# CSE450筆記
###### tags: `NSYSU`
[TOC]
## Penetration testing
### Three model
-White box model
-Black box model
-Gray box model
### process
1.Ground rules
Establish the ground rules.
2.Passive scanning
Gather as much information about the target
as possible while maintaining zero contact
between the penetration tester and the target.
3.Active scanning and enumeration
Probe the target’s public exposure with scanning
tools.
4.Fingerprinting
Perform a thorough probe of the target systems to
identify: operating system type and patch level,
applications and patch level, open ports, running
services and user accounts.
5.Selecting target system
Identify the most useful target(s).
6.Exploiting the uncovered vulnerabilities
Execute the appropriate attack tools targeted at
the suspected exposures.
7.Escalating privilege
Escalate the security context so the ethical
hacker has more control.
8.Documenting and reporting
Document everything found, how it was found, the
tools that we are used, vulnerabilities that were
exploited, the timeline of activities and
successes, and so on.
## Stealthy scan
### def
* Make session handshakes are never completed.
* That keeps it out of some log files.
### operation
* port opened
```sequence
A->B:syn + port80
B->A:syn/ack
A->B:rst
```
* port closed
```sequence
A->B:syn + port80
B->A:rst
```
## ARP cache poisioning
### reason
ARP protocol would always trust that the reply is
coming from the right device.
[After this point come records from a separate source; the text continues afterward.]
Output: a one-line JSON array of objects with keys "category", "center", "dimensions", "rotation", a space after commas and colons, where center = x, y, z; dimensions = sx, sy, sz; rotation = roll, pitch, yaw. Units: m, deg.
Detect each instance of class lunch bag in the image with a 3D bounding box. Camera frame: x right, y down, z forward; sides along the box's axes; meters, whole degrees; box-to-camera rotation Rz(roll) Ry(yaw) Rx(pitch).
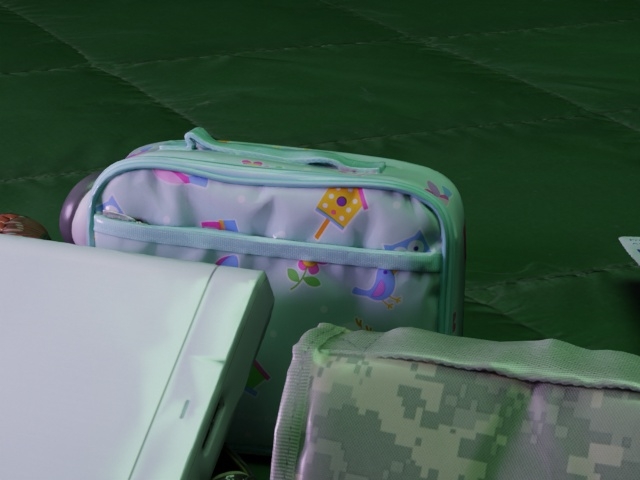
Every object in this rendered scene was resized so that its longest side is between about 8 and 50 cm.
[{"category": "lunch bag", "center": [0.105, 0.173, 0.771], "dimensions": [0.235, 0.287, 0.169], "rotation": [8, 20, 23]}, {"category": "lunch bag", "center": [-0.038, 0.037, 1.268], "dimensions": [0.279, 0.224, 0.108], "rotation": [5, 19, 9]}]

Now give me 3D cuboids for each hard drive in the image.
[{"category": "hard drive", "center": [-0.232, 0.097, 1.173], "dimensions": [0.353, 0.047, 0.233], "rotation": [7, 55, 18]}]

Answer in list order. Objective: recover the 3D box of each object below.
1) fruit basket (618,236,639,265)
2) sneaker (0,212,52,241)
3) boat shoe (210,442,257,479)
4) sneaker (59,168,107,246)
[{"category": "fruit basket", "center": [0.431, 0.019, 1.449], "dimensions": [0.327, 0.165, 0.353], "rotation": [1, 15, 1]}, {"category": "sneaker", "center": [-0.226, 0.053, 1.409], "dimensions": [0.135, 0.098, 0.276], "rotation": [0, 21, -2]}, {"category": "boat shoe", "center": [-0.061, 0.171, 1.138], "dimensions": [0.056, 0.049, 0.152], "rotation": [-6, 20, -22]}, {"category": "sneaker", "center": [-0.063, 0.027, 1.379], "dimensions": [0.270, 0.090, 0.145], "rotation": [25, 6, -37]}]
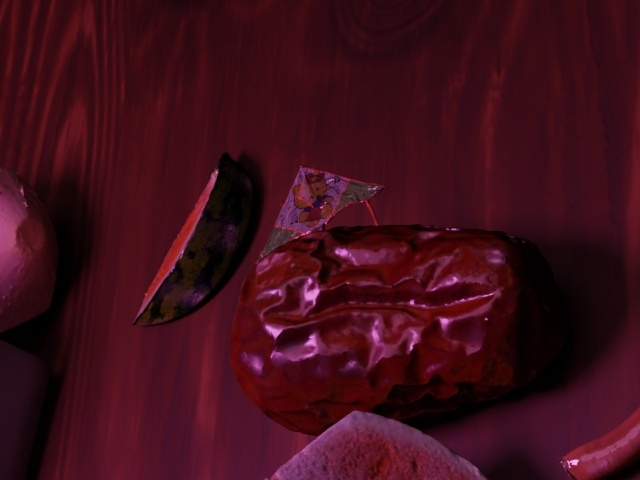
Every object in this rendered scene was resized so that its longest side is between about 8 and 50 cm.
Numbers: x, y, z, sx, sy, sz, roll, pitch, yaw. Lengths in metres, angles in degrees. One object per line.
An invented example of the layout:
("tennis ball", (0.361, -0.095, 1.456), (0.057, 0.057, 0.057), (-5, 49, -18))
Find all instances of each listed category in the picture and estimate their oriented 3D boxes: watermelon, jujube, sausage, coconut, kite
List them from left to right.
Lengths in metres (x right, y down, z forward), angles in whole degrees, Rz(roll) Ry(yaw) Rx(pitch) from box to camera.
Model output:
("coconut", (-0.458, 0.022, 2.025), (0.245, 0.233, 0.233), (-8, 58, 37))
("watermelon", (-0.152, 0.003, 1.896), (0.119, 0.063, 0.245), (14, 77, 63))
("kite", (0.000, 0.000, 1.801), (0.198, 0.006, 0.244), (-35, 46, 17))
("jujube", (0.073, 0.089, 1.561), (0.342, 0.216, 0.216), (-9, 57, 21))
("watermelon", (0.082, 0.314, 1.403), (0.305, 0.180, 0.224), (41, 104, 23))
("sausage", (0.299, 0.162, 1.416), (0.177, 0.047, 0.040), (-43, 28, 9))

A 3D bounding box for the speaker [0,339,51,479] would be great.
("speaker", (-0.517, 0.182, 1.831), (0.183, 0.406, 0.184), (-14, 59, 34))
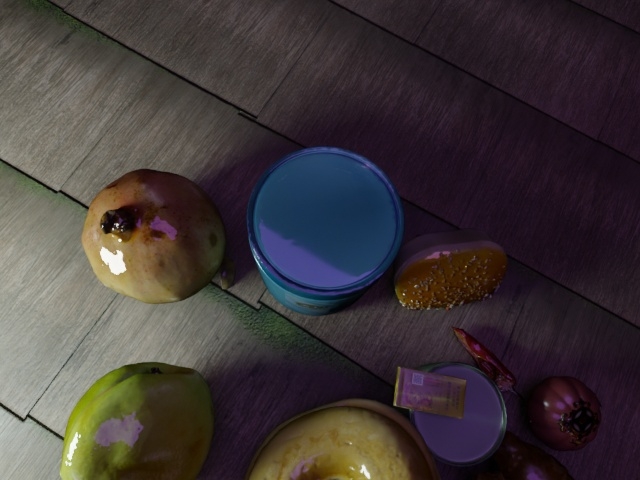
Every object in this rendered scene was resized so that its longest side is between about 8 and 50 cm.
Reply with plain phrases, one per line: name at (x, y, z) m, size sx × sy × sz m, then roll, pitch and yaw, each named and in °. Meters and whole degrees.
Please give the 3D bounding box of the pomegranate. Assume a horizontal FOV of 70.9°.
pomegranate at (-0.396, -0.015, 1.067) m, size 0.337 × 0.338 × 0.339 m, roll 1°, pitch 73°, yaw -4°

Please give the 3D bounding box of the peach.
peach at (-0.386, 0.416, 0.958) m, size 0.314 × 0.281 × 0.316 m, roll 3°, pitch 102°, yaw -39°

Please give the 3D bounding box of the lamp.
lamp at (0.594, 0.423, 1.111) m, size 0.181 × 0.140 × 0.182 m, roll 0°, pitch 91°, yaw -11°

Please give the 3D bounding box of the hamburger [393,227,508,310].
hamburger at (0.329, 0.080, 1.148) m, size 0.294 × 0.227 × 0.152 m, roll -5°, pitch 50°, yaw -3°

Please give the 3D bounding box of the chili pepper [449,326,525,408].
chili pepper at (0.439, 0.321, 1.172) m, size 0.268 × 0.059 × 0.050 m, roll 47°, pitch 37°, yaw 13°

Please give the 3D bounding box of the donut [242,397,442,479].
donut at (0.038, 0.544, 0.935) m, size 0.448 × 0.198 × 0.449 m, roll -10°, pitch 49°, yaw 11°

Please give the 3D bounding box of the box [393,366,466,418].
box at (0.245, 0.340, 1.005) m, size 0.156 × 0.022 × 0.089 m, roll 10°, pitch 72°, yaw -1°

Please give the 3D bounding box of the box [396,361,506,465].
box at (0.309, 0.410, 1.080) m, size 0.225 × 0.149 × 0.226 m, roll 1°, pitch 74°, yaw -4°

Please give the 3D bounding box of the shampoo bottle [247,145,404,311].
shampoo bottle at (0.000, 0.000, 1.080) m, size 0.330 × 0.343 × 0.332 m, roll 1°, pitch 73°, yaw -4°

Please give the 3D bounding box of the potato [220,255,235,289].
potato at (-0.248, 0.081, 1.196) m, size 0.037 × 0.036 × 0.093 m, roll -4°, pitch 73°, yaw -2°

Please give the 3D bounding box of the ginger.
ginger at (0.462, 0.625, 1.020) m, size 0.274 × 0.152 × 0.358 m, roll 9°, pitch 74°, yaw -7°
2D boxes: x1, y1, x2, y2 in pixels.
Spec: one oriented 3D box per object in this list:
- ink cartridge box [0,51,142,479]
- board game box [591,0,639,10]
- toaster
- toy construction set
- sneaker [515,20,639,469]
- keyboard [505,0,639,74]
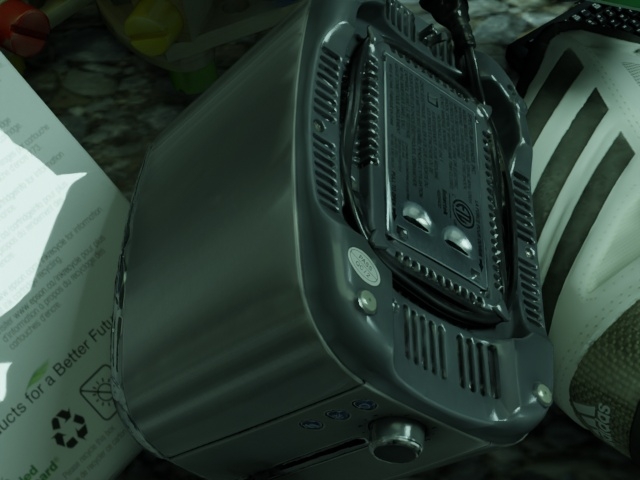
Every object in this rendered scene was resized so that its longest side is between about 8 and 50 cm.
[{"bbox_3d":[-0.210,-0.036,0.559,0.176,0.371,0.069,-46,13,-35],"label":"ink cartridge box"},{"bbox_3d":[0.026,-0.174,0.665,0.317,0.046,0.213,12,19,1],"label":"board game box"},{"bbox_3d":[0.000,0.000,0.560,0.146,0.129,0.227,-32,44,36],"label":"toaster"},{"bbox_3d":[-0.176,-0.122,0.772,0.215,0.151,0.328,29,42,31],"label":"toy construction set"},{"bbox_3d":[0.253,-0.071,0.640,0.447,0.169,0.257,-30,50,-21],"label":"sneaker"},{"bbox_3d":[0.191,-0.150,0.830,0.192,0.038,0.100,-31,48,-26],"label":"keyboard"}]
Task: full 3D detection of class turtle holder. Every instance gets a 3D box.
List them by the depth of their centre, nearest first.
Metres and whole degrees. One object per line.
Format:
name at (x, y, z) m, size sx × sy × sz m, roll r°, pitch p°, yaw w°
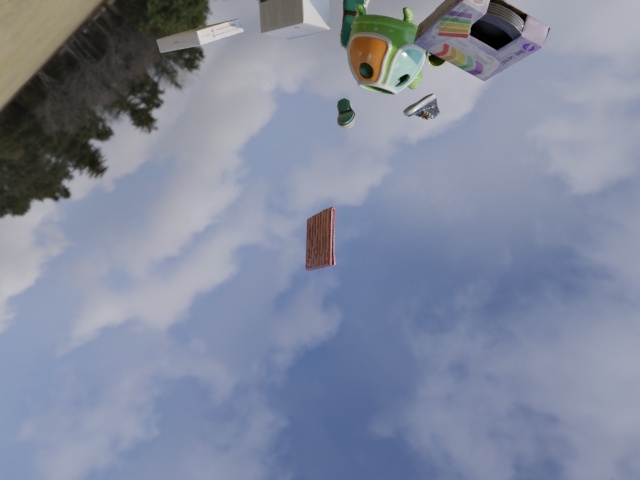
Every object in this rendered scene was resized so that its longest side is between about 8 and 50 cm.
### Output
turtle holder at (0.206, -0.577, 1.754) m, size 0.320 × 0.244 × 0.227 m, roll -33°, pitch 136°, yaw -79°

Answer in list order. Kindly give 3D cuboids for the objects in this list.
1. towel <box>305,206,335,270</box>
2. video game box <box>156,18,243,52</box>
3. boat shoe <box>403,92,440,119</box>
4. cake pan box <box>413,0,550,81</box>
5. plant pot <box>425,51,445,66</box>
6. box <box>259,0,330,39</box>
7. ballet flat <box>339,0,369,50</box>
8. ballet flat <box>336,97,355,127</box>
towel at (0.000, 0.000, 1.927) m, size 0.275 × 0.031 × 0.198 m, roll 161°, pitch -69°, yaw -71°
video game box at (-0.378, -0.642, 1.762) m, size 0.205 × 0.048 × 0.187 m, roll 7°, pitch -146°, yaw 38°
boat shoe at (0.383, -0.479, 2.088) m, size 0.183 × 0.083 × 0.065 m, roll -36°, pitch -161°, yaw -35°
cake pan box at (0.407, -0.529, 1.444) m, size 0.267 × 0.246 × 0.070 m, roll -10°, pitch -120°, yaw 71°
plant pot at (0.408, -0.679, 2.030) m, size 0.083 × 0.083 × 0.079 m, roll -38°, pitch -144°, yaw 10°
box at (-0.075, -0.664, 1.665) m, size 0.171 × 0.090 × 0.130 m, roll 3°, pitch -171°, yaw 38°
ballet flat at (0.117, -0.767, 1.909) m, size 0.077 × 0.091 × 0.240 m, roll -27°, pitch 134°, yaw -68°
ballet flat at (0.118, -0.543, 2.483) m, size 0.086 × 0.086 × 0.248 m, roll -29°, pitch -147°, yaw 24°
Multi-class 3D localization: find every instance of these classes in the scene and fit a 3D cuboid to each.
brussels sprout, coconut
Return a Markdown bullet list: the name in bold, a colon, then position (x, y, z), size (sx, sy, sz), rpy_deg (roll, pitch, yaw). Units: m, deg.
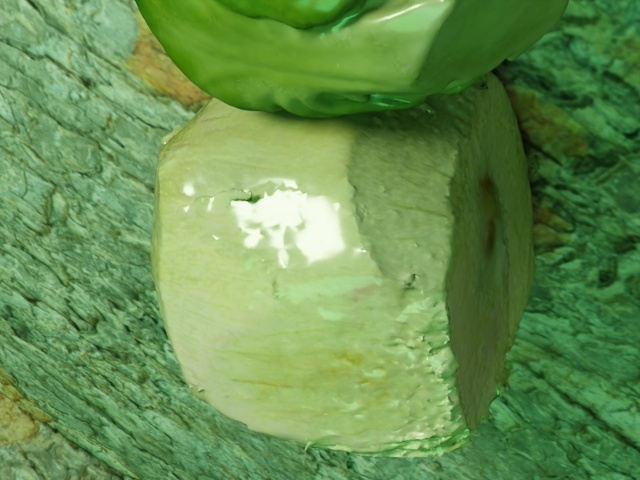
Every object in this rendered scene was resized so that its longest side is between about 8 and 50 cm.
- **brussels sprout**: position (0.019, -0.237, 0.758), size (0.355, 0.289, 0.281), rpy_deg (40, 152, 34)
- **coconut**: position (0.000, 0.000, 0.982), size (0.405, 0.404, 0.404), rpy_deg (20, 142, 16)

Due to this flaw in
its design, it can in no way verify that the ARP
reply was sent from the correct device.
### method
Attacker would send a spoofed ARP reply to any
computer on a network to make it believe that a
certain IP is associated with a certain MAC address
, thereby poisoning its ARP cache that keeps track
of IP to MAC addresses.
### Man-in-the-Middle(MITM) Attacks
1.Need to enable IP forwarding first.
echo 1 > /proc/sys/net/ipv4/ip_forward
cat /proc/sys/net/ipv4/ip_forward
```sequence
Victim1->Attacker:
Attacker->Victim1:
Attacker->Victim2:
Victim2->Attacker:
```
### usage
單向:
arpspoof -i eth0 -t <target Ip address> <host Ip address>
雙向:
arpspoof -i eth0 -t <target Ip address> -r <host Ip address>
## tcpdump
### flag
-A Print frame payload in ASCII
-c <count> Exit after capturing count packets
-D List available interfaces
-e Print link-level headers
-F <file> Use file as the filter expression
-G <n> Rotate the dump file every n seconds
-i <iface> Specifies the capture interface
-K Don't verify TCP checksums
-L List data link types for the interface
-n Don't convert addresses to names
-p Don't capture in promiscuous mode
-q Quick output
-r <file> Read packets from file
-s <len> Capture up to len bytes per packet
-S Print absolute TCP sequence numbers
-t Don't print timestamps
-v[v[v]] Print more verbose output
-w <file> Write captured packets to file
-x Print frame payload in hex
-X Print frame payload in hex and ASCII
-y <type> Specify the data link type
-Z <user> Drop privileges from root to user
### Modifier
! or not
&& or and
|| or or
## wireshark dispaly filter
### Operators
eq or ==
ne or !=
gt or >
lt or <
ge or >=
le or <=
### Logic
Logical AND and or &&
or or || Logical OR
Logical XOR xor or ^^
not or ! Logical NOT
Substring operator [n] […]
## difference between display and capture filter
* display filter:
+ Display filter are used to change the view of a
capture file.
+ They take advantage of the full dissection of
all packets.
+ This makes it possible to do very complex and
advanced filtering when analyzing a network
tracefile.
* capture filter:
+ capture filter is used to select which packets
should be saved to disk while capturing.
+ For capture filters wireshark uses the BPF syntax.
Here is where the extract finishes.